Religious beliefs, as per the Equal Employment Opportunity Commission, includes theistic beliefs – that is, beliefs which include believing in God – in addition to non-theistic ethical or moral convictions regarding wrong and right which are genuinely held with the strength of established religious viewpoints (United States Department of Labour, 2016). Title VII protects job applicants or staff members from discrimination based on religion if the applicant/employee is an atheist and/or does not subscribe to a certain religious viewpoint. It is notable that religious discrimination could also entail treating a person in a different way for the reason that this individual is associated with or married to a person of a certain religion or due to that person’s connection with a particular religious group or organization (Houseman, 2011). A worker cannot be forced by his or her employer as a condition of employment not to take part or to take part in a religious activity (United States Department of Labour, 2016).

Upon notification of a request, Title VII demands organizations to reasonably accommodate their staff members whose genuinely held beliefs, observances or practices are actually in conflict with work requirements unless this religious accommodation would bring about an undue hardship (United States Department of Labour, 2016). In particular, Section 701(j) of Title VII disallows employers to fail to reasonably accommodate a worker or a prospective worker’s religious practices, except if the employer clearly shows that the religious accommodation would bring about undue hardship on the conduct of the employer’s business. Section 1605.2 of Title VII is mainly directed to obligations of labor organizations or employers – entities which are covered by Title VII (United States Department of Labour, 2016).

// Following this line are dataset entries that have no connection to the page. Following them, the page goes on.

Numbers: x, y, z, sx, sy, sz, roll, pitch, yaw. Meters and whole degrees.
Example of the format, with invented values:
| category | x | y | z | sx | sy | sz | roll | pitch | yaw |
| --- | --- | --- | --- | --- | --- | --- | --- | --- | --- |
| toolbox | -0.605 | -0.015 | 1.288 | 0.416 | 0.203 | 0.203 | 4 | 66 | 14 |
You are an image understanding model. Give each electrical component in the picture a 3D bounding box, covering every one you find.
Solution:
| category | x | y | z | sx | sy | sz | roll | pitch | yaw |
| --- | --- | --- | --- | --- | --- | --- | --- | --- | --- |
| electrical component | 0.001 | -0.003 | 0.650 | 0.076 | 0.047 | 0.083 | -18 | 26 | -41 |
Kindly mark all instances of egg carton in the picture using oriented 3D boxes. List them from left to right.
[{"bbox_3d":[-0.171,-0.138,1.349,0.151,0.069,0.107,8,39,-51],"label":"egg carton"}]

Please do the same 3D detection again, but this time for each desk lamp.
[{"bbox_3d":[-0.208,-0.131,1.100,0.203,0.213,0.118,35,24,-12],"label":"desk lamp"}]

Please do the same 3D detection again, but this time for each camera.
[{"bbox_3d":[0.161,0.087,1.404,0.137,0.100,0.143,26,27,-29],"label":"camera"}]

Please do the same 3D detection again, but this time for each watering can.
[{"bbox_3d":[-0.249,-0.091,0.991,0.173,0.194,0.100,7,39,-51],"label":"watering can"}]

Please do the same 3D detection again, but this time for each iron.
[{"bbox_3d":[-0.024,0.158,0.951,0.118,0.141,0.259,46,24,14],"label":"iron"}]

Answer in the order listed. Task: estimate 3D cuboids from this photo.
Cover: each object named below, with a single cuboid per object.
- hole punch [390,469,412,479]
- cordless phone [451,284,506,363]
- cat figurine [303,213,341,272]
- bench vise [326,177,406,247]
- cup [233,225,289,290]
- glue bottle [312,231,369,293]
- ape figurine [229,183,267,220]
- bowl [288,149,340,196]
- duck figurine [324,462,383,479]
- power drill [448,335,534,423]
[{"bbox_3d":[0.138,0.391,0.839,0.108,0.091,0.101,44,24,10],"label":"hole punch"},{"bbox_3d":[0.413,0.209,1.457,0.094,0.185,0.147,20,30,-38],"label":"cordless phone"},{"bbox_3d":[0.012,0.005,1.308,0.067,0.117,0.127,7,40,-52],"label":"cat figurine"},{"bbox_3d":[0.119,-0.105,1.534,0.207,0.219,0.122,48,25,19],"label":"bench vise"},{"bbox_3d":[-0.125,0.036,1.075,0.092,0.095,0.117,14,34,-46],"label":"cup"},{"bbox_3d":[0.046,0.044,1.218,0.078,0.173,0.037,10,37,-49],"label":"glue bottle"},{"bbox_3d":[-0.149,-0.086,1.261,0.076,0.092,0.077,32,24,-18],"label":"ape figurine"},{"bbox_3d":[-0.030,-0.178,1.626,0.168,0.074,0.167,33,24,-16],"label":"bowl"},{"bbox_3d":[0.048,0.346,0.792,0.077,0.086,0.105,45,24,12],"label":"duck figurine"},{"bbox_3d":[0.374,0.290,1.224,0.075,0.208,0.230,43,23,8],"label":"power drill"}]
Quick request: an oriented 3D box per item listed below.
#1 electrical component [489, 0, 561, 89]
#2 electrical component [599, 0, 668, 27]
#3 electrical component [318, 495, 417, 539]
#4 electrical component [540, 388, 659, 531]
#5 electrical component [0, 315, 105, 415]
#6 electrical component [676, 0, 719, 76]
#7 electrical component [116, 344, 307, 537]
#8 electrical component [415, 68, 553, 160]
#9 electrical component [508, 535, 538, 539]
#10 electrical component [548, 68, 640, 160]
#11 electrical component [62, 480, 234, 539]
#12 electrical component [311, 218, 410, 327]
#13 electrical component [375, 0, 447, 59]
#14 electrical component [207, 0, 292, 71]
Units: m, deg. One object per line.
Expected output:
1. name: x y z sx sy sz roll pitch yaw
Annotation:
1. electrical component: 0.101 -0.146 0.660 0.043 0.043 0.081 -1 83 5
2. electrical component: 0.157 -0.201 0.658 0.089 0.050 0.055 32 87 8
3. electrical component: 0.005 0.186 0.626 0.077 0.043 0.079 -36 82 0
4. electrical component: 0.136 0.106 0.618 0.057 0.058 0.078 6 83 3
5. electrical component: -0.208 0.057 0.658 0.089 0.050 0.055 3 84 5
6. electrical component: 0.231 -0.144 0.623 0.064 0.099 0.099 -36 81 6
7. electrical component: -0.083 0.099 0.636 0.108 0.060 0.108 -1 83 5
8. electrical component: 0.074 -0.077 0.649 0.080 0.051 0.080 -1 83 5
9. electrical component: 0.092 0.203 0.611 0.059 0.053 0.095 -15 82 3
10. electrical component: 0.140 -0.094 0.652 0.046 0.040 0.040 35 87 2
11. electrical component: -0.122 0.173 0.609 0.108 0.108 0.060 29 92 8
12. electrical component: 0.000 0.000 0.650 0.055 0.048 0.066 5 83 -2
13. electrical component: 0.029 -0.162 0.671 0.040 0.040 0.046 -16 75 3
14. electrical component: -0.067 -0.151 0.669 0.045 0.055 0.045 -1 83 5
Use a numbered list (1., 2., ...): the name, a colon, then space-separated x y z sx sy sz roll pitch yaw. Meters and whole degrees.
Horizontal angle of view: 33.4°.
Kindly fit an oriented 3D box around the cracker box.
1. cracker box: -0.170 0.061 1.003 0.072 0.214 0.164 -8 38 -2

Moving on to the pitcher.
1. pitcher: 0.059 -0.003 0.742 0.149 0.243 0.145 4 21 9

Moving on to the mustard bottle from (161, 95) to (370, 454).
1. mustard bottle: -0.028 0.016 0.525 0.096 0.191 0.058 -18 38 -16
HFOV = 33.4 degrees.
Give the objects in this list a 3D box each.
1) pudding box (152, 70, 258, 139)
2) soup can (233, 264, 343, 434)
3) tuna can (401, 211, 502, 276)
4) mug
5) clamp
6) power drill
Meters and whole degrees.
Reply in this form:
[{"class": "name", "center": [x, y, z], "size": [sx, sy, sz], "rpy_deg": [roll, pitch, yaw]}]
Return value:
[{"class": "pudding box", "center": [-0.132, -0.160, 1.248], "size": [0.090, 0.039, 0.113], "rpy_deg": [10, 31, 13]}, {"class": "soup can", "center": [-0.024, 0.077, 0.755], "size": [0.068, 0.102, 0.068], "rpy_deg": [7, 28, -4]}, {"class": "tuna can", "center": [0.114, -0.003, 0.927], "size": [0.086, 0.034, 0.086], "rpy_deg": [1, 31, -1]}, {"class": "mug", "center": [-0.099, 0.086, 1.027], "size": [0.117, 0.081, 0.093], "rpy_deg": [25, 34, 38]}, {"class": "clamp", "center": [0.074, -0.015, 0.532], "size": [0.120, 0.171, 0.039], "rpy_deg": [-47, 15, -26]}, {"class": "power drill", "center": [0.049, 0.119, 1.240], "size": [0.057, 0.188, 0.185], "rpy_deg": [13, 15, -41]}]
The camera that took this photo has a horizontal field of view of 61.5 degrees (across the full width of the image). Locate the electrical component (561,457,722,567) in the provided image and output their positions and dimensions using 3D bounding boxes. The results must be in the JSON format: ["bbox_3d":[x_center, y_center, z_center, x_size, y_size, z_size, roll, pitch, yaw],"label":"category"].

Religious accommodation is understood as a change to the working environment which would enable a job applicant or a staff member to practice his/her religion. Froiland (2013) pointed out that the need for accommodation arises where a person’s religious practices, observances, or beliefs conflict with an application process, a particular job, or requirement of the job post. Requests for religious accommodation usually pertain to religious expression in the place of work, work schedules, or grooming and dress. If the religious accommodation will not pose an undue hardship, then the employer will have to grant the religious accommodation (United States Department of Labour, 2016). This means that the employer cannot grant religious accommodation if it actually posses undue hardship; hence John cannot be granted religious accommodation.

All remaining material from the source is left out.